Yu Lan Mini G G U F
bartowskiIntroduction
The YuLan-Mini-GGUF is a text generation model designed to work with quantized versions using llama.cpp. It supports both English and Chinese languages and is trained on diverse datasets.
Architecture
YuLan-Mini-GGUF utilizes the LLAMACPP IMATRIX quantization approach. The original model is based on the YuLan-Mini from the yulan-team, and several quantization types are available, ranging from higher precision formats (F32, F16) to more compressed formats (Q8_0, Q6_K).
Training
The model is trained using a variety of datasets, including those focused on educational, mathematical, and programming content. Notable datasets include HuggingFaceFW/fineweb-edu, bigcode/the-stack-v2, and AI-MO/NuminaMath-CoT, among others.
Guide: Running Locally
- Install Prerequisites: Ensure you have the latest version of
huggingface_hub
CLI.pip install -U "huggingface_hub[cli]"
- Download Model Files: Use the CLI to download the specific quantization type suited to your hardware.

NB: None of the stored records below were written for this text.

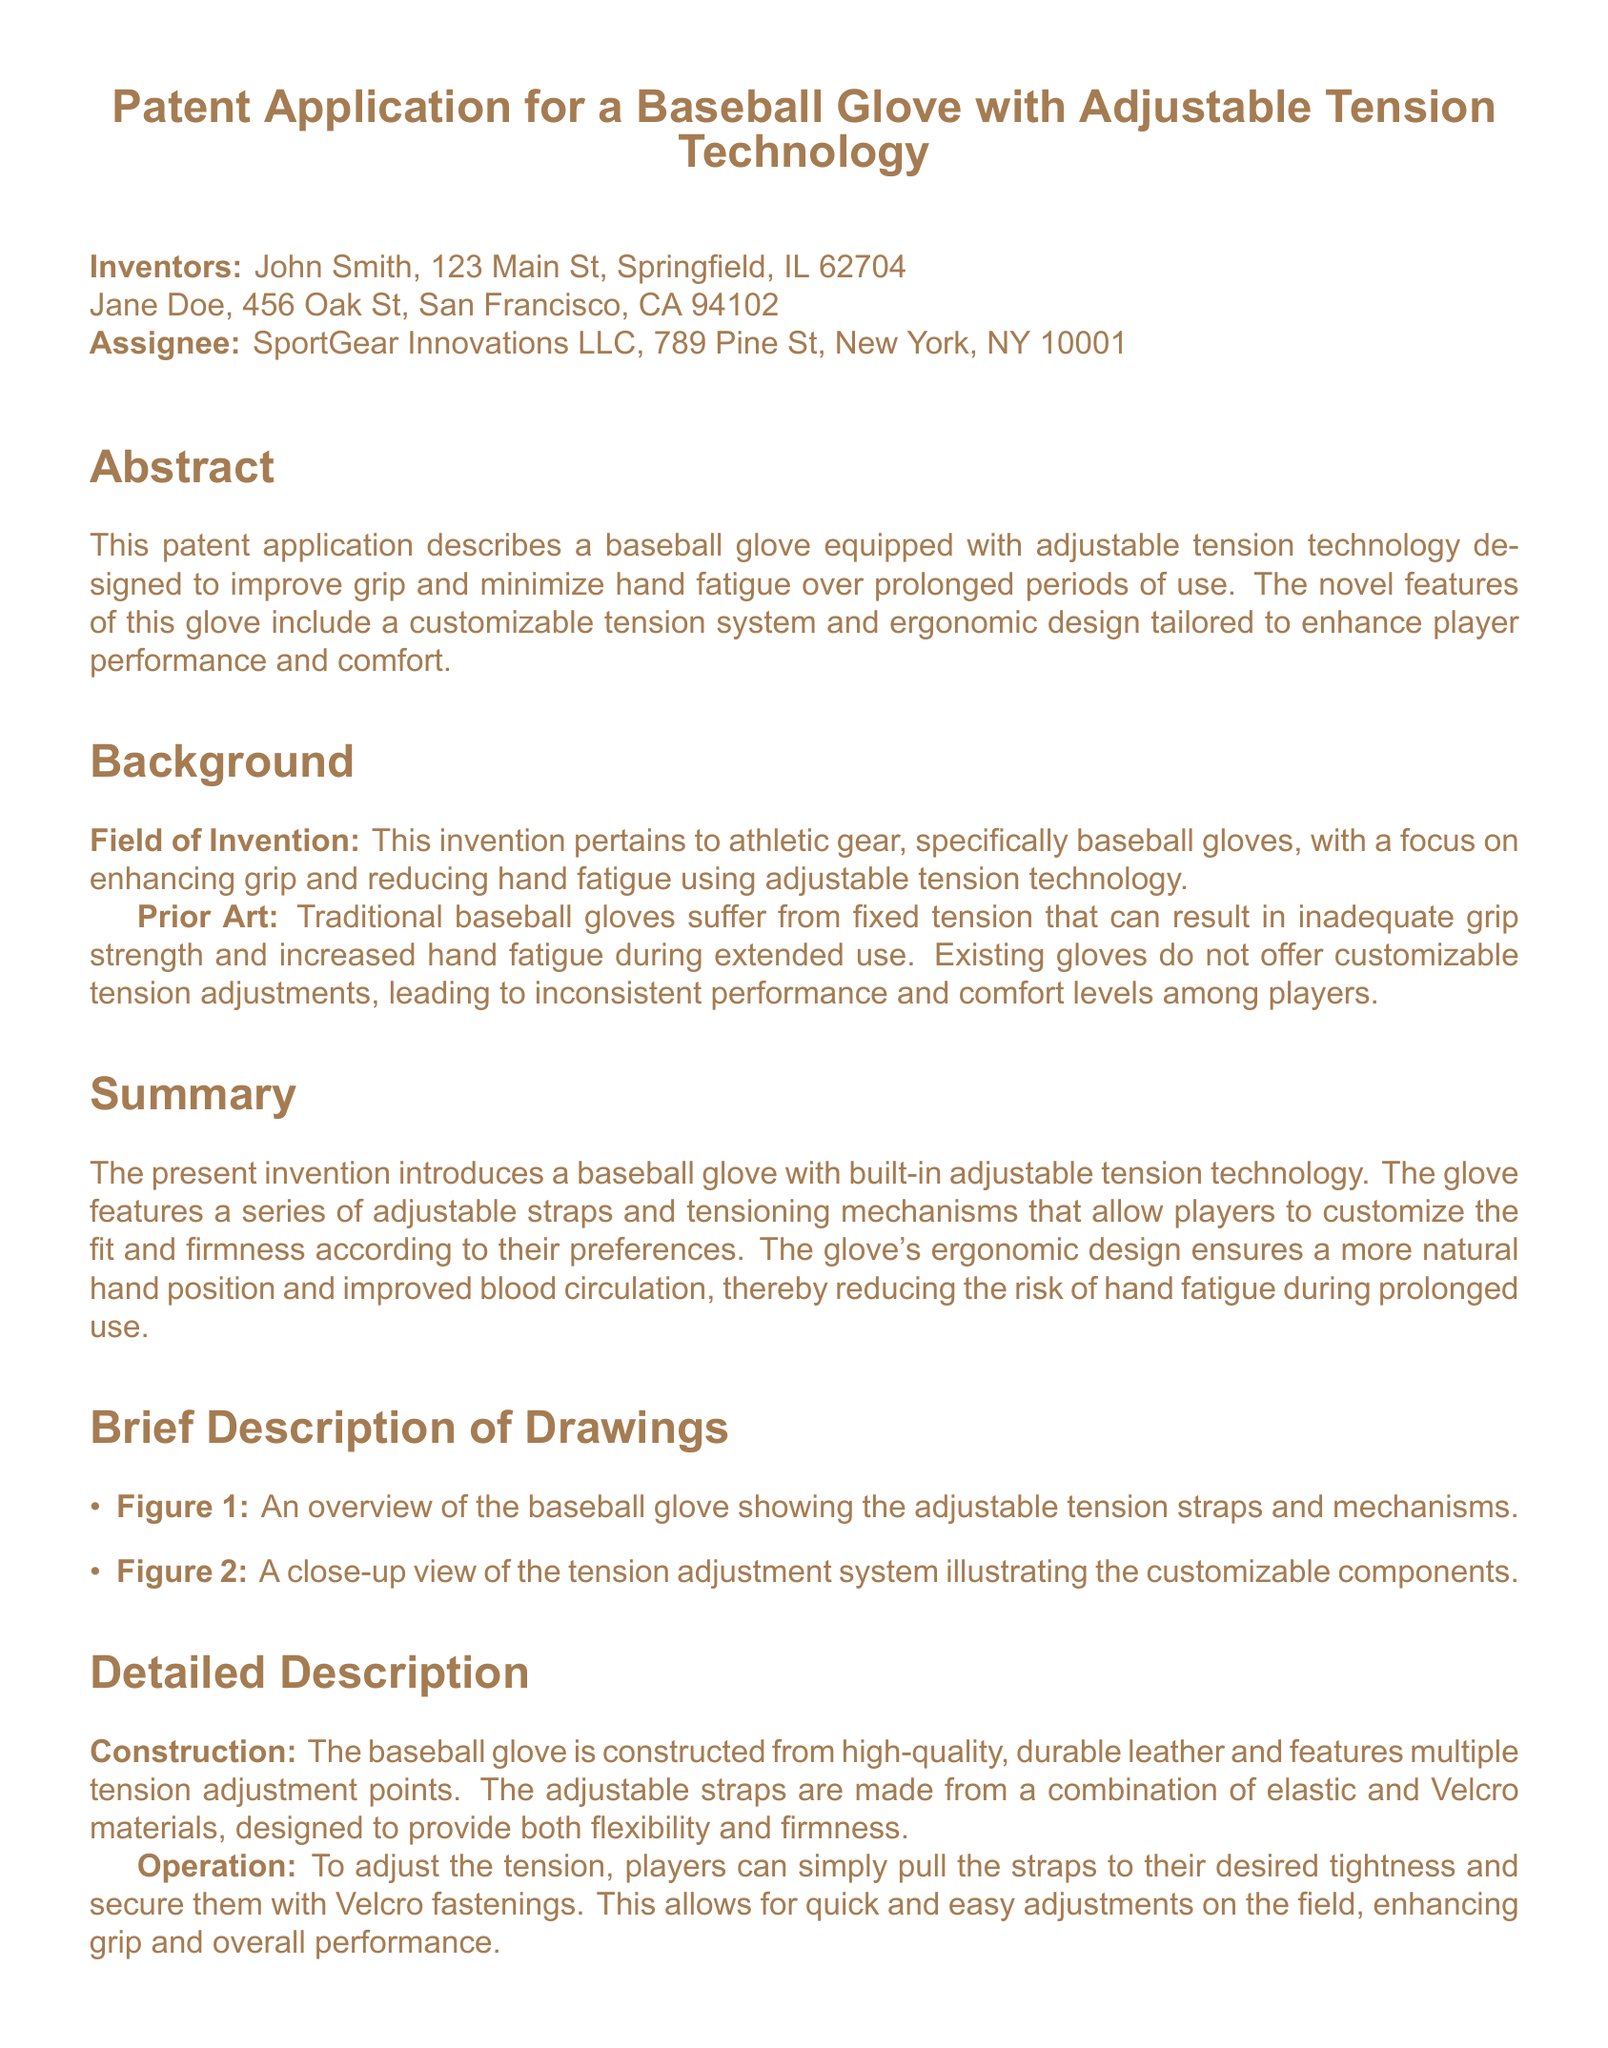What is the title of the patent application? The title is mentioned at the top of the document as the introduction to the invention.
Answer: Patent Application for a Baseball Glove with Adjustable Tension Technology Who are the inventors of the baseball glove? The inventors are listed in the document, along with their addresses.
Answer: John Smith, Jane Doe Where is the assignee located? The assignee's location is specified in the document under the assignee section.
Answer: New York, NY What is the primary purpose of the baseball glove? The purpose is defined in the abstract, highlighting its main features and benefits.
Answer: Improve grip and minimize hand fatigue What materials are mentioned for the adjustable straps? The document specifies the materials used in the construction of the adjustable straps within the detailed description section.
Answer: Elastic and Velcro materials How many claims are made in the patent application? The claims are explicitly listed in the claims section.
Answer: Three claims What problem does the invention aim to solve? The background section describes the issues with traditional baseball gloves, indicating what the invention addresses.
Answer: Inadequate grip strength and increased hand fatigue What unique technology does this glove feature? The unique technology is highlighted in the abstract and summary sections of the document.
Answer: Adjustable tension technology 
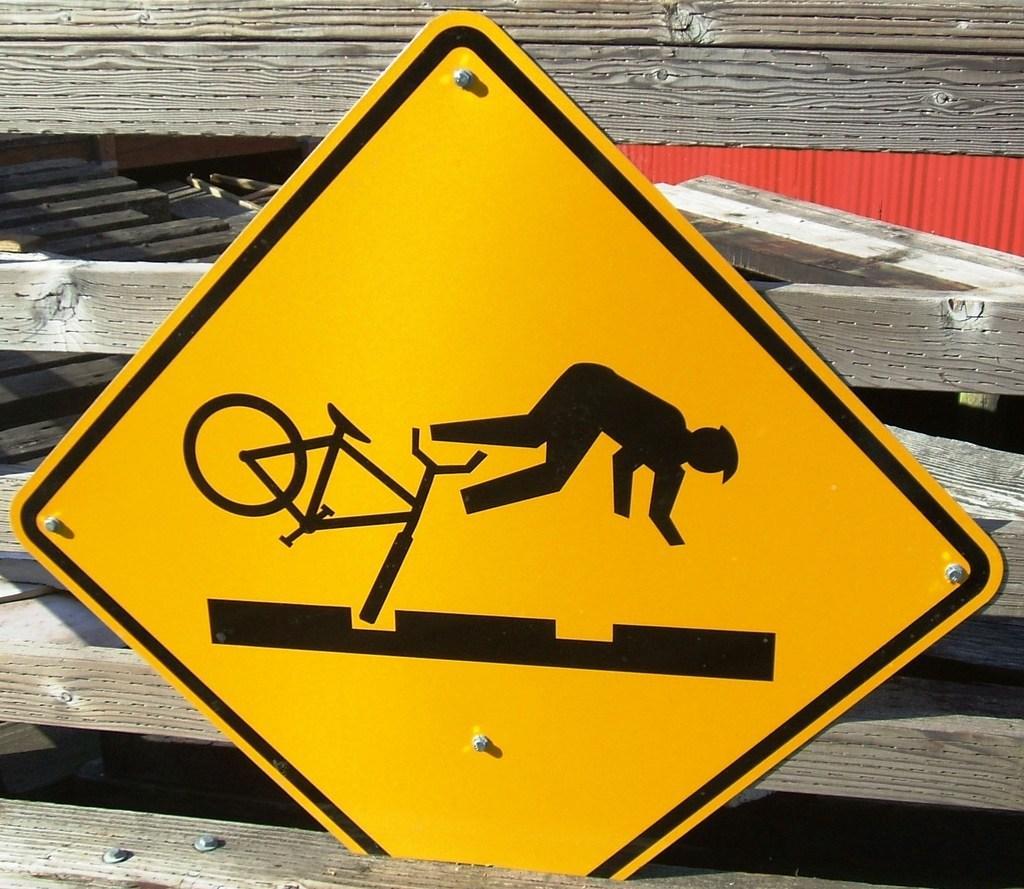Describe this image in one or two sentences. In this image I can see a sign board attached to the wooden bars. In this sign board I can see a person falling down with a bicycle indicating speed breakers on the road. 
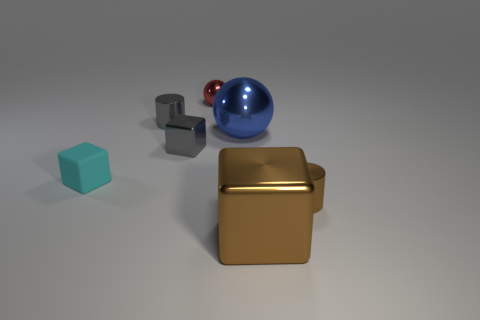Add 2 red shiny cylinders. How many objects exist? 9 Subtract all cubes. How many objects are left? 4 Subtract 0 purple balls. How many objects are left? 7 Subtract all big rubber cubes. Subtract all tiny brown metal things. How many objects are left? 6 Add 2 gray metallic cylinders. How many gray metallic cylinders are left? 3 Add 1 large gray matte blocks. How many large gray matte blocks exist? 1 
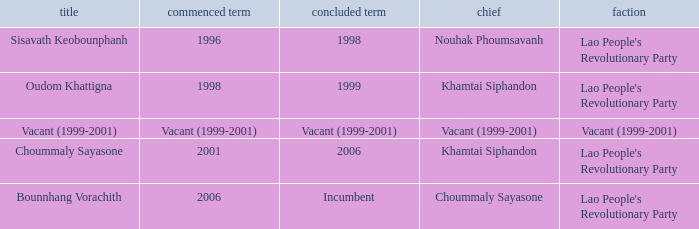What is Party, when Name is Oudom Khattigna? Lao People's Revolutionary Party. 
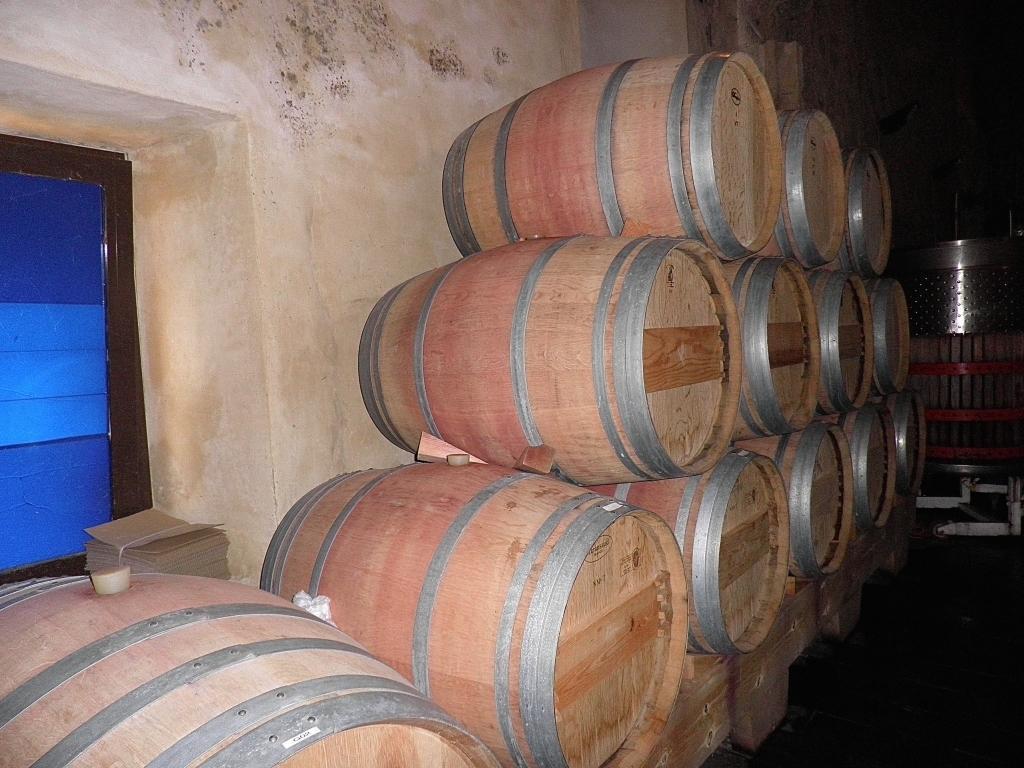Describe this image in one or two sentences. In this image, we can see some drums beside the wall. There is a window on the left side of the image. 
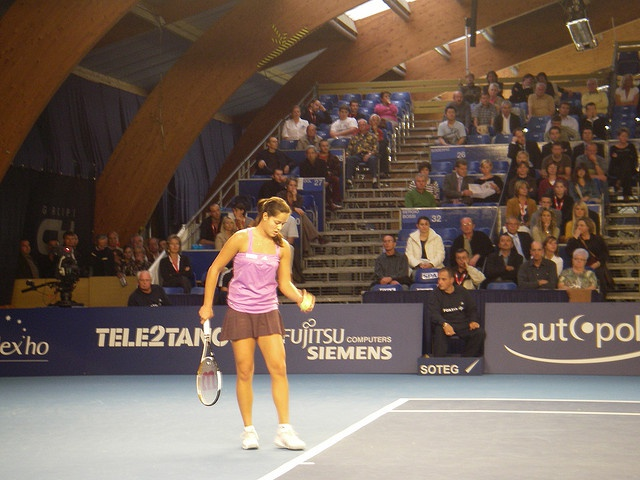Describe the objects in this image and their specific colors. I can see people in black, maroon, and gray tones, people in black, orange, lightgray, brown, and gold tones, chair in black and gray tones, people in black, tan, and gray tones, and tennis racket in black, ivory, darkgray, and tan tones in this image. 
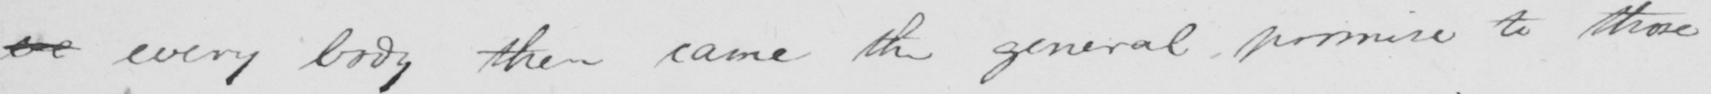Please transcribe the handwritten text in this image. eve every body then came the general promise to those

huggingface-cli download bartowski/YuLan-Mini-GGUF --include "YuLan-Mini-Q4_K_M.gguf" --local-dir ./
- Select the Appropriate Quant File: Choose the quantization file based on your GPU/CPU capabilities. For instance, you may opt for Q5_K_M for high quality or Q3_K_S for lower RAM availability.
- Cloud GPU Recommendation: For optimal performance, consider using cloud GPUs with sufficient VRAM to accommodate the model size.
License
The YuLan-Mini-GGUF is distributed under the MIT license, allowing for extensive usage and modification.